You should have walked away the night I beat you up for the first time. Instead you rocked me like a child in your arms and whispered that everything was going to be just fine. And even though this was an obvious lie it comforted me and I found myself thinking that maybe, just maybe everything would be fine. And I realized that I could actually love you. And it scared me shitless. Because if there was something I was sure about in this world it was that we hated each other.

"I can't do this anymore" I tell you like I always do

"I know" you answer with no argument in your voice.

And somehow your answer should console me, but I find myself wanting you to argue with me. I want you to tell me that I need to hang on and that we will make this together. But I know you won't say that because I know you believe that just as little as I do. You embrace me, rapping your arms around me and I have no powers to fight you with. I hide my face in your neck exhaling you and trying to ignore the twisting feeling in my stomach. "Don't touch me" I whisper but I know you won't listen and it pains me to know I don't want you to. Your lips are always too soft to bear and I wonder why you never complain about mine being cracked and dry. And just for a moment I forget that this is not the way I figured my life would turn out. I forget who you are and who I am – I forget about Ginny lying innocently in my bed knowing nothing about my betray, I forget about how she told me yesterday that she loved me, I forget about Hermione and Ron hating you, I forget that your family wants me dead, I forget about us not having a future together and forget how messed up my life has become since you kissed me in that hallway.

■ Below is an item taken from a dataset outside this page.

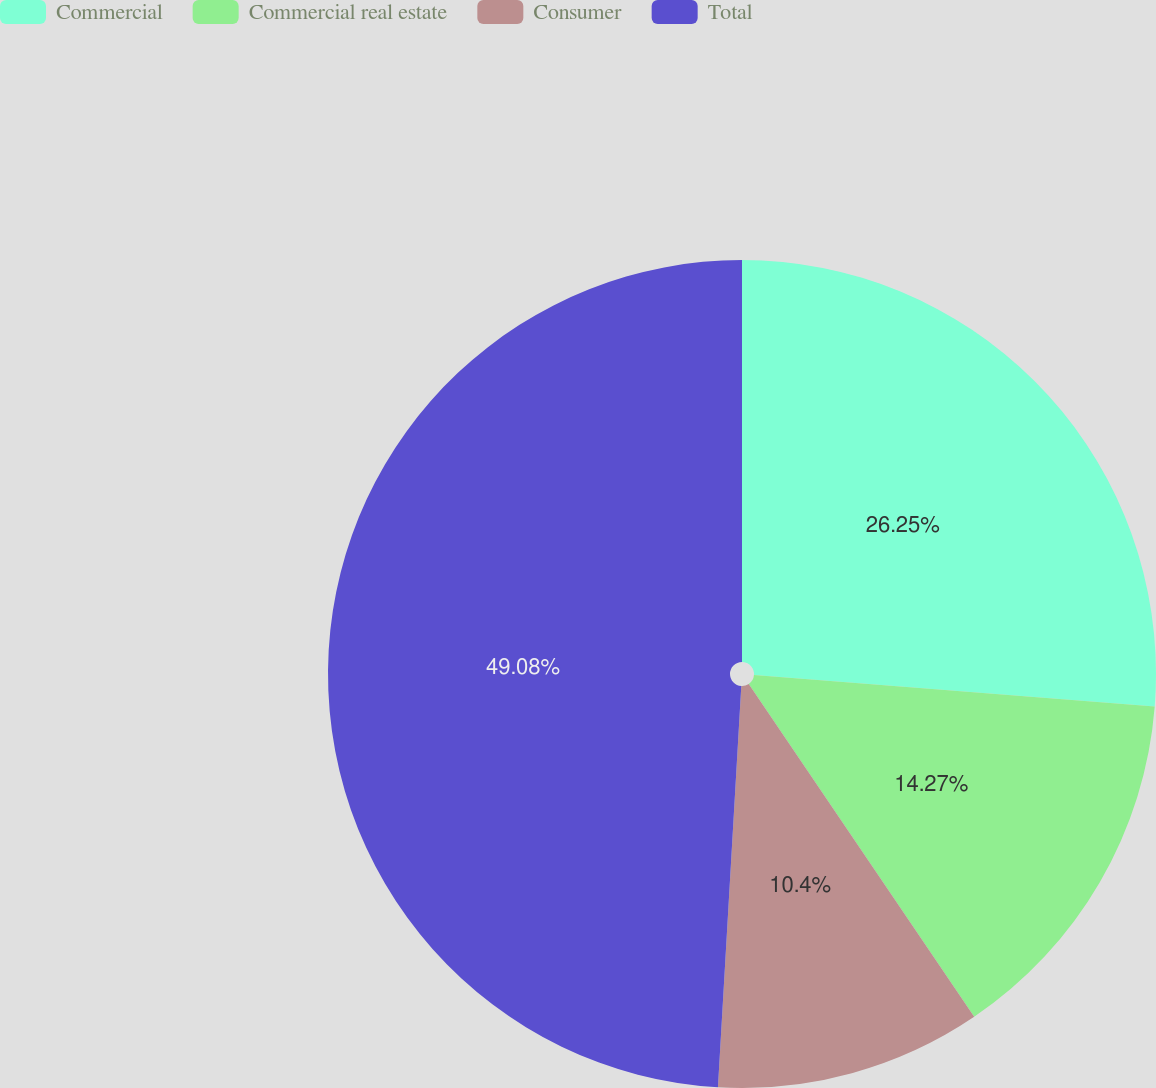Convert chart to OTSL. <chart><loc_0><loc_0><loc_500><loc_500><pie_chart><fcel>Commercial<fcel>Commercial real estate<fcel>Consumer<fcel>Total<nl><fcel>26.25%<fcel>14.27%<fcel>10.4%<fcel>49.07%<nl></chart> 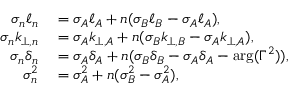<formula> <loc_0><loc_0><loc_500><loc_500>\begin{array} { r l } { \sigma _ { n } \ell _ { n } } & = \sigma _ { A } \ell _ { A } + n ( \sigma _ { B } \ell _ { B } - \sigma _ { A } \ell _ { A } ) , } \\ { \sigma _ { n } k _ { \perp , n } } & = \sigma _ { A } k _ { \perp , A } + n ( \sigma _ { B } k _ { \perp , B } - \sigma _ { A } k _ { \perp , A } ) , } \\ { \sigma _ { n } \delta _ { n } } & = \sigma _ { A } \delta _ { A } + n ( \sigma _ { B } \delta _ { B } - \sigma _ { A } \delta _ { A } - \arg ( \Gamma ^ { 2 } ) ) , } \\ { \sigma _ { n } ^ { 2 } } & = \sigma _ { A } ^ { 2 } + n ( \sigma _ { B } ^ { 2 } - \sigma _ { A } ^ { 2 } ) , } \end{array}</formula>

I never meant to kiss you back. I swear to God I didn't. But you took me off guard and being pressed up against that cold wall you stirred something deep inside me that had never been touched. So I kissed you back. And when I went back to my room that night I cried myself to sleep. I found you the next night to tell you off, you had tearstains on your cheeks and it was so unlike you that it made my brain to go standby and once again I found myself kissing you and I found myself unable to let go.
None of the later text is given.